Stored entries:
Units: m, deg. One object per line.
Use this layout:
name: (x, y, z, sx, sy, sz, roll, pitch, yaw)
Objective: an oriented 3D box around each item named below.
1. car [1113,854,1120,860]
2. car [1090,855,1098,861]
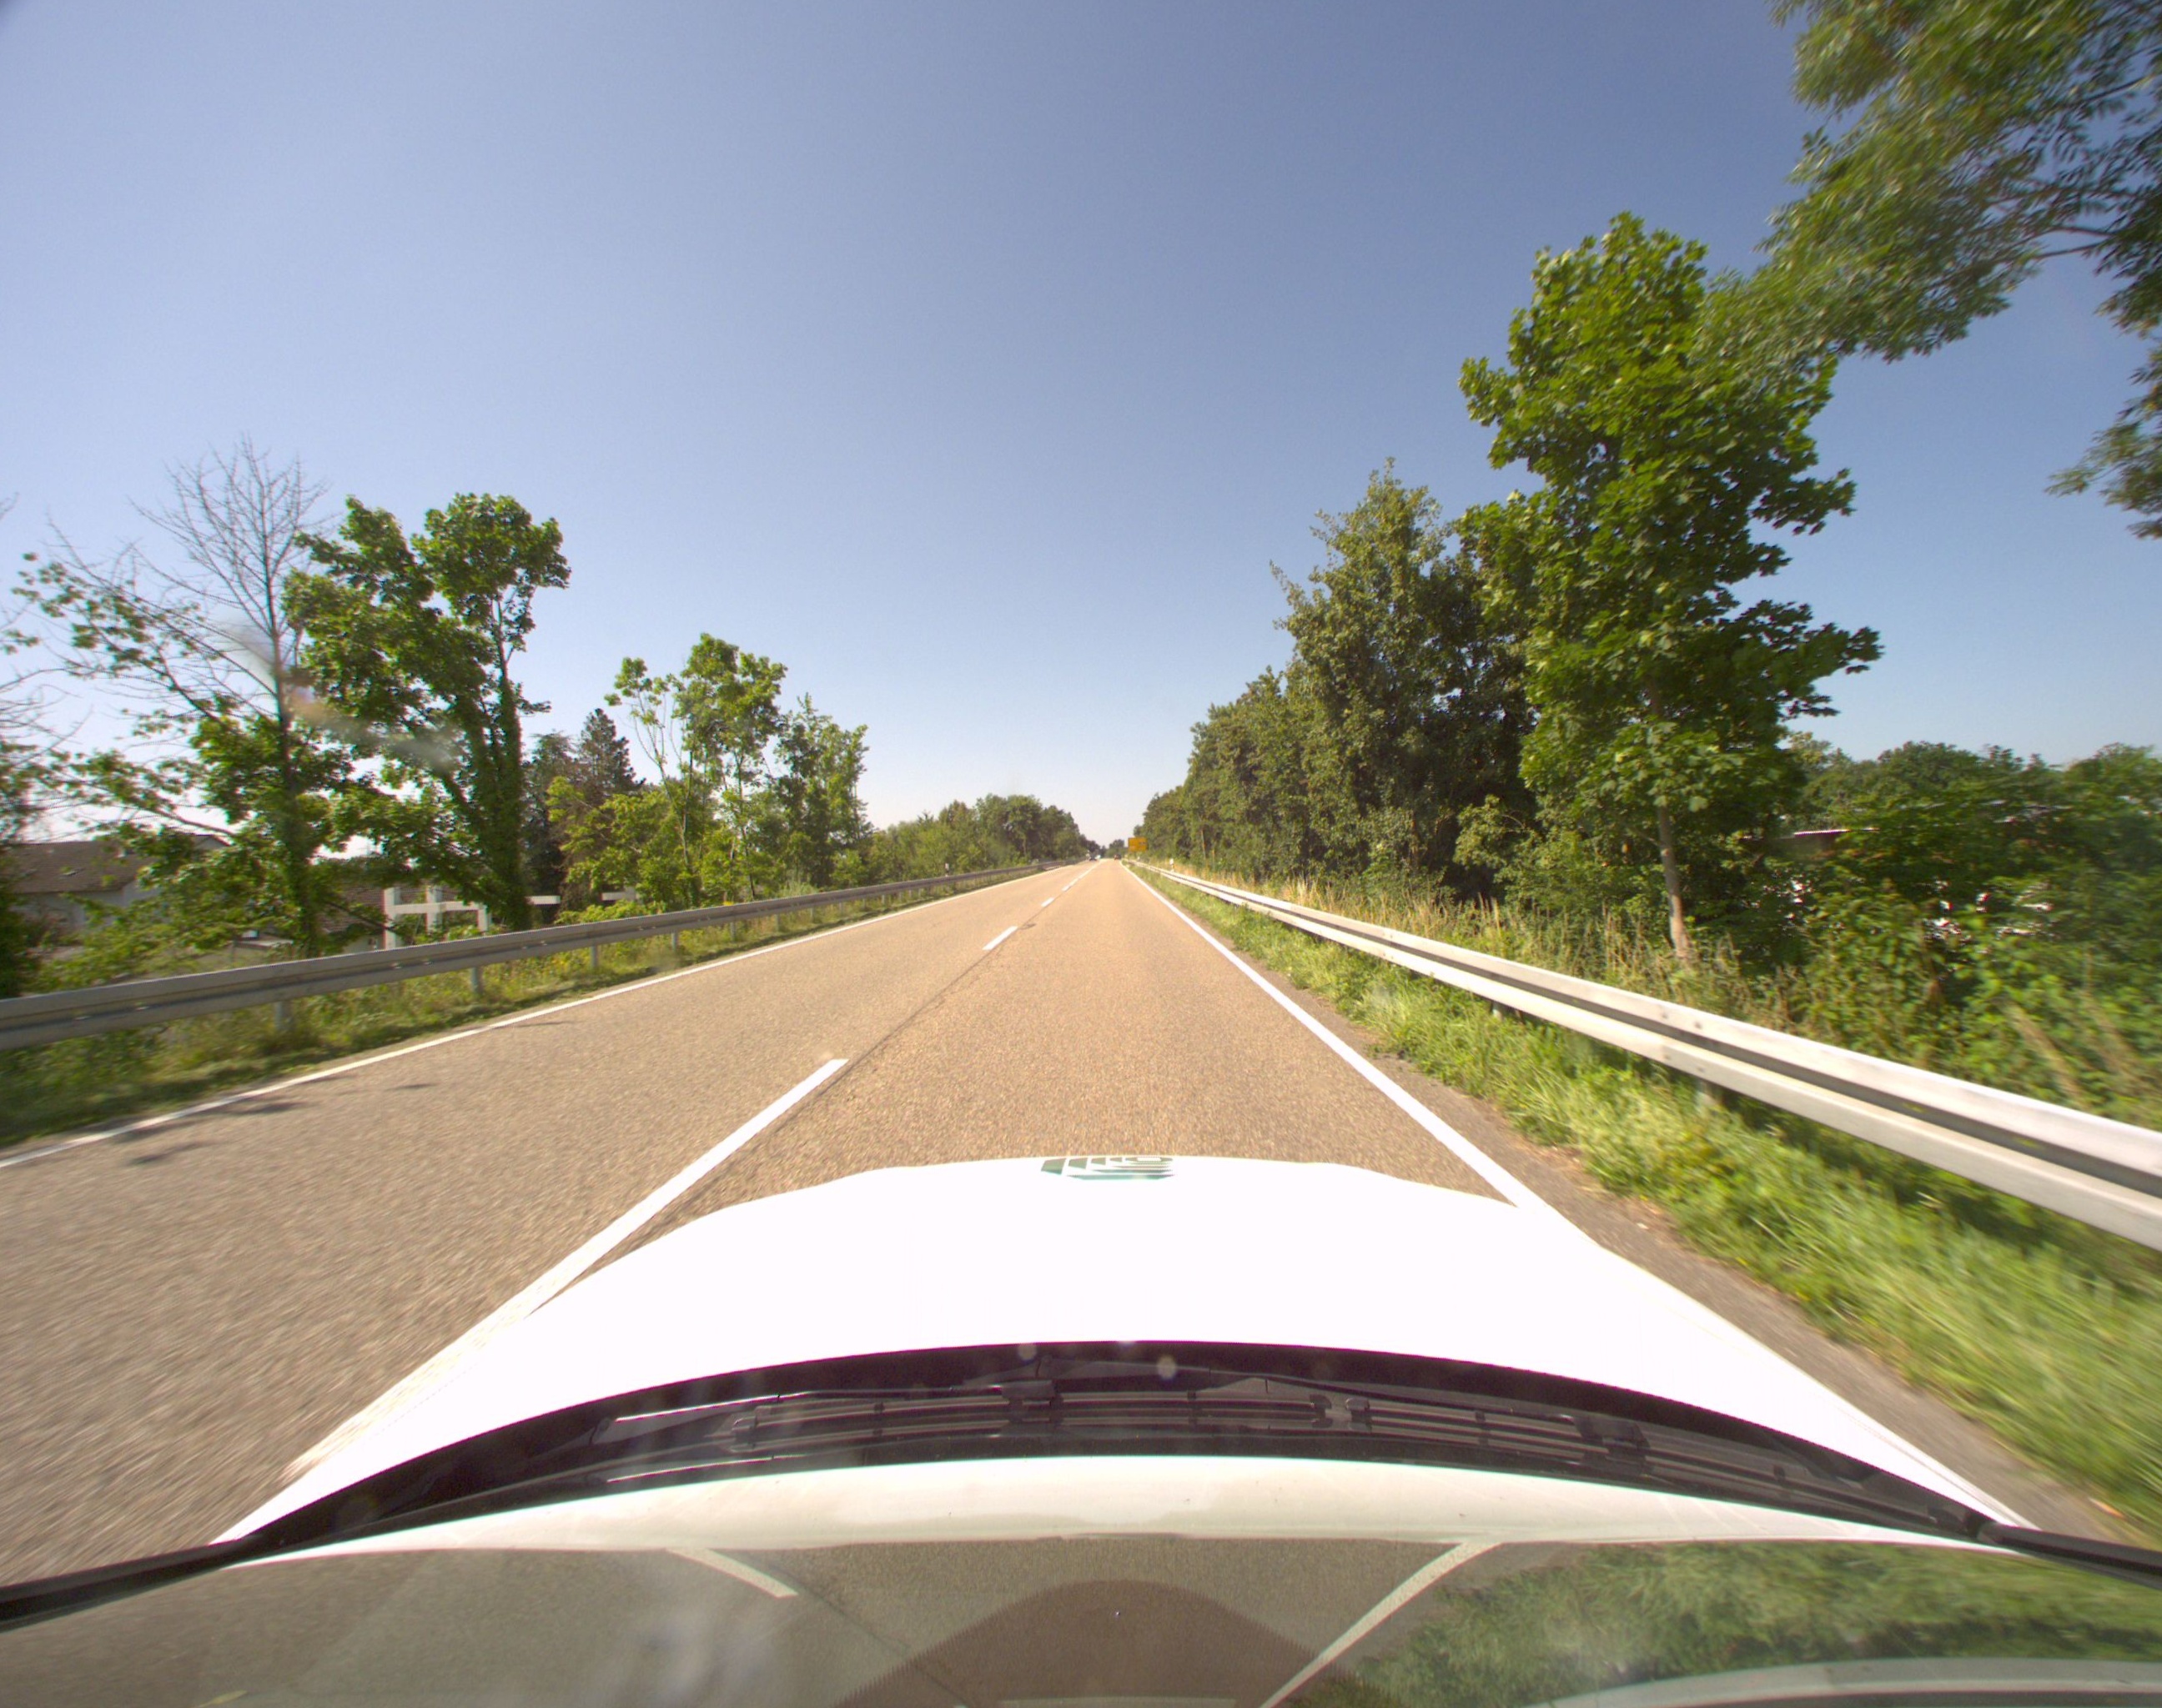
car: (9.432, 0.806, 213.841, 1.734, 1.470, 3.695, -1, 0, 3)
car: (3.226, 0.915, 201.154, 1.739, 1.425, 4.680, -1, 0, 2)

What you are asked to do:
Output the records above character for character, but leave each image out.

Answer space:
Units: m, deg. One object per line.
Use this layout:
name: (x, y, z, sx, sy, sz, roll, pitch, yaw)
Objective: an oriented 3D box around each item named below.
1. car [1113,854,1120,860]
2. car [1090,855,1098,861]
car: (9.432, 0.806, 213.841, 1.734, 1.470, 3.695, -1, 0, 3)
car: (3.226, 0.915, 201.154, 1.739, 1.425, 4.680, -1, 0, 2)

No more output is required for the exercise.